Finding the Right Voice for Your Copywriting
How one web marketer improved his copywriting with one simple test that you can apply to your copywriting, too
Are you turning potential customers away with your writing? I wouldn't have thought I was. Writing has been central in every job I've had.
But I recently got "schooled" big time on my writing. And if I, with 30 years of experience writing for a living, can fall into a rookie mistake, you might want to check whether you're making the same one.
My daughter was home for a weekend recently. She has come to me a lot for advice on her business, so I figured a little turnabout was in order.

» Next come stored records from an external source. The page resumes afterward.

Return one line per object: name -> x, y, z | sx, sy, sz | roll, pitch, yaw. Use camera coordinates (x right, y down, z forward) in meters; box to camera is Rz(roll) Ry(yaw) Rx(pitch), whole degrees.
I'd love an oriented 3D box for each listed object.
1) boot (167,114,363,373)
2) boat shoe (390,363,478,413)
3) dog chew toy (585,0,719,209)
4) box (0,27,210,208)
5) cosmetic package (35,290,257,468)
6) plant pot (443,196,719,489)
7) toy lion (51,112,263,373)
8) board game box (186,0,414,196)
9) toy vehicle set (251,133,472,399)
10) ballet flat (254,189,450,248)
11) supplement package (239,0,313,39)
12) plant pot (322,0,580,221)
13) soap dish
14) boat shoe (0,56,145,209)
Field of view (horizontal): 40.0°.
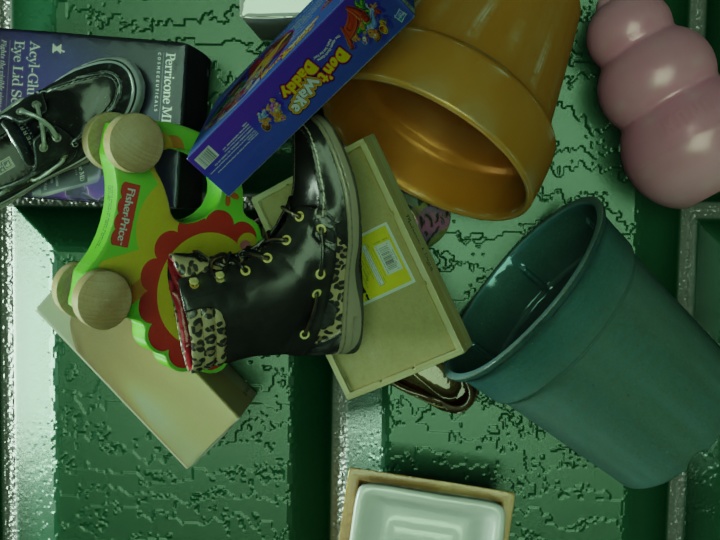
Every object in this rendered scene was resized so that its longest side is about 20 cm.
boot -> -0.078, -0.015, 0.792 | 0.149, 0.073, 0.202 | -11, 111, -19
boat shoe -> 0.025, 0.065, 0.925 | 0.201, 0.075, 0.075 | 29, 95, 0
dog chew toy -> 0.269, -0.158, 0.879 | 0.124, 0.125, 0.201 | -28, 86, 4
box -> -0.245, -0.136, 0.905 | 0.198, 0.104, 0.150 | 4, 94, 2
cosmetic package -> -0.194, 0.078, 0.921 | 0.071, 0.105, 0.200 | -43, 93, 6
plant pot -> 0.210, 0.075, 0.871 | 0.196, 0.200, 0.201 | 39, 95, -10
toy lion -> -0.150, -0.017, 0.838 | 0.190, 0.068, 0.202 | 11, 90, -38
board game box -> -0.044, -0.163, 0.775 | 0.045, 0.135, 0.200 | 41, 113, -19
toy vehicle set -> 0.000, 0.000, 0.859 | 0.124, 0.026, 0.201 | -23, 94, 26
ballet flat -> -0.013, -0.035, 0.921 | 0.198, 0.071, 0.070 | -6, 93, 2
supplement package -> -0.043, -0.315, 0.874 | 0.118, 0.121, 0.202 | 0, 94, 2
plant pot -> 0.095, -0.174, 0.850 | 0.199, 0.200, 0.184 | 30, 75, 0
soap dish -> 0.053, 0.291, 0.939 | 0.156, 0.081, 0.202 | 8, 95, 2
boat shoe -> -0.270, -0.112, 0.821 | 0.199, 0.068, 0.072 | -30, 93, 4
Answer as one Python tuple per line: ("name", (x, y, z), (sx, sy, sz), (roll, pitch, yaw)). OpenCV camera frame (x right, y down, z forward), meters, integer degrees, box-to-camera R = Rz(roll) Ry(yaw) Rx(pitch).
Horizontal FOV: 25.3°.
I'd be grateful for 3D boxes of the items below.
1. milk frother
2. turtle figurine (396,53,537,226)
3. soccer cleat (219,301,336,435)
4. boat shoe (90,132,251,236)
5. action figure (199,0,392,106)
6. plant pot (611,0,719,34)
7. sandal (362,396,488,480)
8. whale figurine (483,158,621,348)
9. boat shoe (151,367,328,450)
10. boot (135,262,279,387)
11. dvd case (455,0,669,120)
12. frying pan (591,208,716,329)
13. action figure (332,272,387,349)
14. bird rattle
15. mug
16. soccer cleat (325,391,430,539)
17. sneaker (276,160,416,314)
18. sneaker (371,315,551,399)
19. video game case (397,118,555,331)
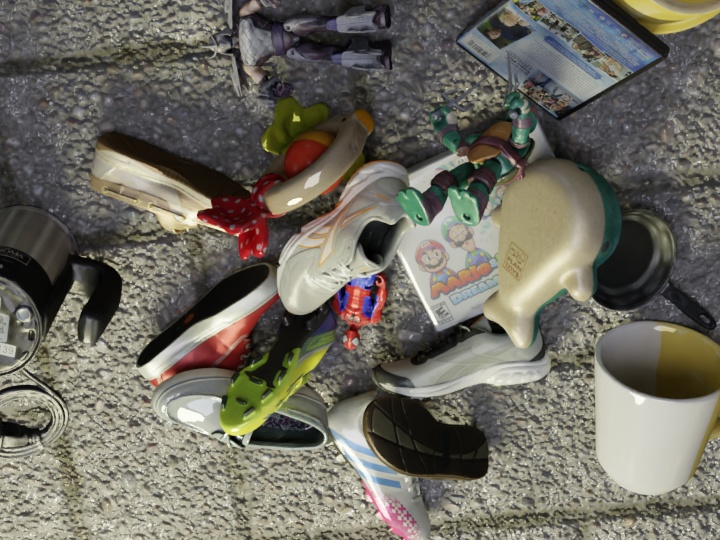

I had just finished my newsletter. It had a couple of new product reviews that I was pretty pleased with. But I thought, why not get her reaction to them? After all, she's exactly the kind of small business owner that reads my newsletter. So I asked her to
read them.
She finished.
Silence.
I could see her trying to figure out what to say. Finally she said, "I guess they're OK, but..."
"But what?" I asked.
"But that's not the way you usually write," she replied. "I don't know. Maybe it's supposed to be different when you write a newsletter, but I like the emails you write me a LOT better."
Caught in the biggest beginner mistake
BAM! I had gotten so overconfident of my writing that I had fallen into a real beginner mistake: writing formally.
You know the way you always used to write in school? Well, you don't want to write that way in ANY of your online business writing.
When you wrote for your teachers, your goal was to make the teacher think you're smart. So you wrote with big words, complex sentences, abstract thoughts. You wrote very formally.
When you write for your online visitors, the last thing you want to do is come across like you think you're smarter than they are. You want to win their trust, not alienate them.
The way you want to write for your audience
You want to write on their level -- warm, accessible, helpful. You want them to feel like you know their needs and genuinely want to help them. You want to write to them in the same way that, say, a father might write an email in response to a question from his daughter.
I've been applying that test to my writing ever since. Before I consider anything that I write done, I reread every paragraph, every sentence, every word with one question in mind: "Would I write this way in an email to Rachel?"
And whatever doesn't pass that test gets simplified, gets "informalized," until it sounds like the way I write to my kids. That reminder to keep it casual has helped me catch a lot of overly formal writing and improved my results.
Apply this test to your writing
And it's a test you can apply to your writing, too. After you've written something for your potential customers, think of someone you genuinely care about and reread everything you wrote. And as you reread it, ask yourself, "If I was writing an email to this person to explain this same thing, is this the way I would write it?"
I'm sure that you can improve your writing immensely with this little test. It certainly improved mine.
Helping you become the successful business owner you want to be.